What is needed is each line of the data below that holds the string "accessible".
=== Begin Enclosure ===
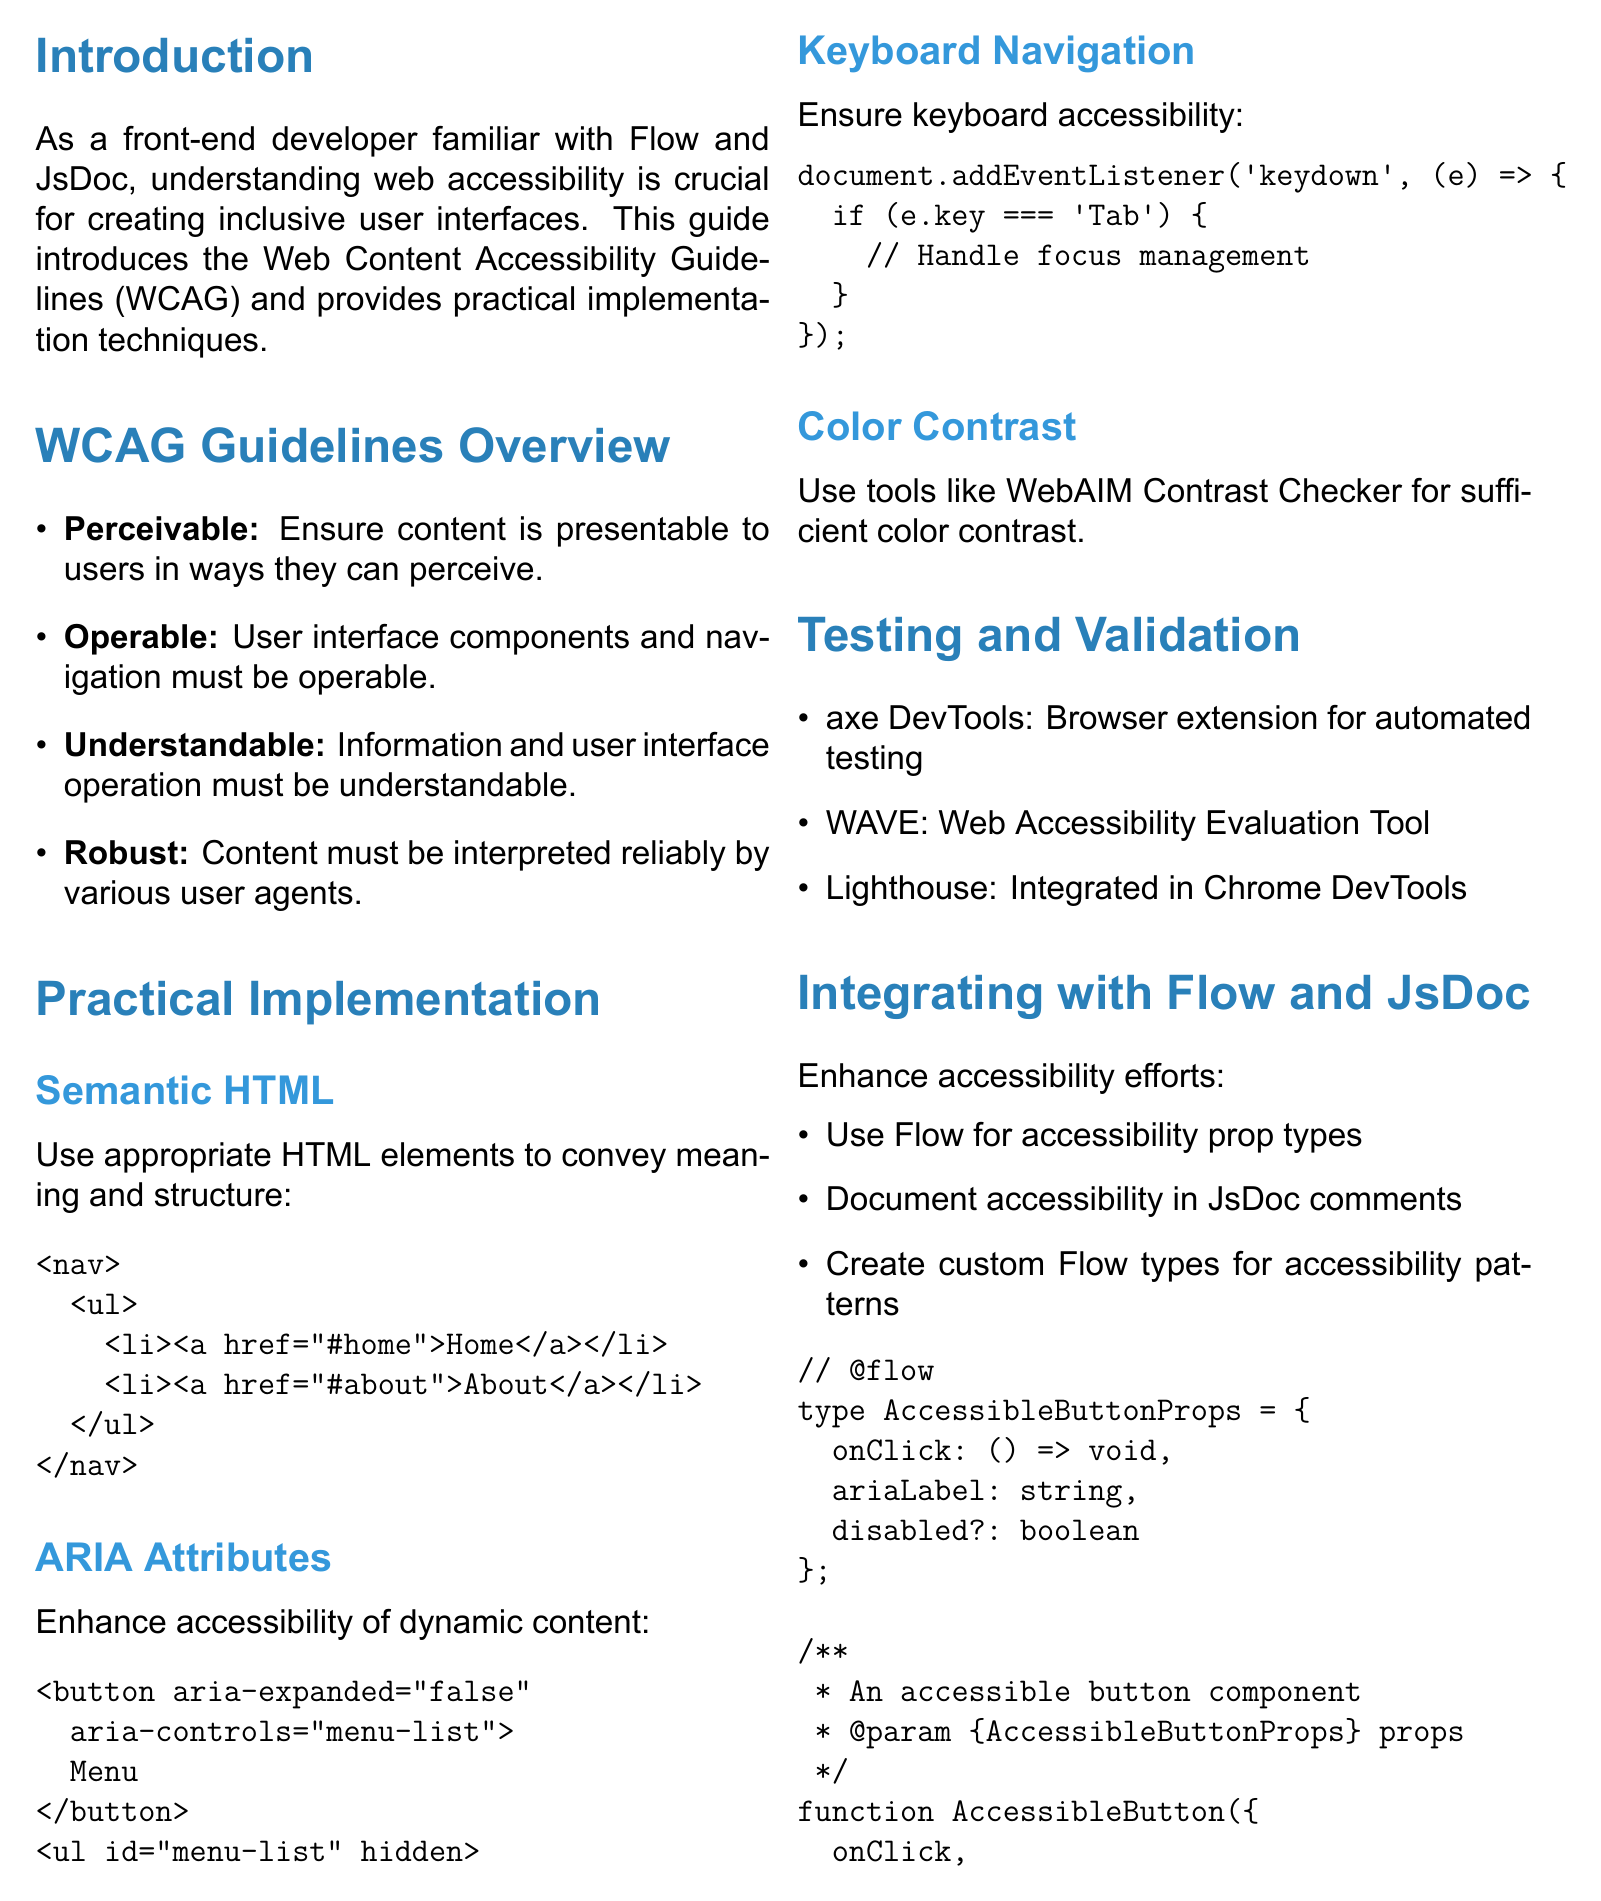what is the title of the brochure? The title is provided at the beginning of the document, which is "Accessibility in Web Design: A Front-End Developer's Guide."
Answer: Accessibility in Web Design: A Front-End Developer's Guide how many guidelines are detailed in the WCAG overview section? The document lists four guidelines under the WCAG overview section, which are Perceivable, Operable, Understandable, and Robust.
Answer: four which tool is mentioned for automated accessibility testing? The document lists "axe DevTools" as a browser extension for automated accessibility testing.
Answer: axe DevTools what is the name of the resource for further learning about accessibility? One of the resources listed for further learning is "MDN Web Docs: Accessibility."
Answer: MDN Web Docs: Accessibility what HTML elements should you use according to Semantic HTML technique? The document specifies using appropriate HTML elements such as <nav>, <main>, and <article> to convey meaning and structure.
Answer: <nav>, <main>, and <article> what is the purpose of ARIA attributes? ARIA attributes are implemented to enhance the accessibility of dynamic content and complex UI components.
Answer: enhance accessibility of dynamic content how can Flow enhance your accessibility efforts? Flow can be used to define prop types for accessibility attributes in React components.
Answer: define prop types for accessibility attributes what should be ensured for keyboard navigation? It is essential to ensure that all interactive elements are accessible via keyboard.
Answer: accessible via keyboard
=== End Enclosure ===
Answer space:
Answer: define prop types for accessibility attributes what should be ensured for keyboard navigation? It is essential to ensure that all interactive elements are accessible via keyboard.
Answer: accessible via keyboard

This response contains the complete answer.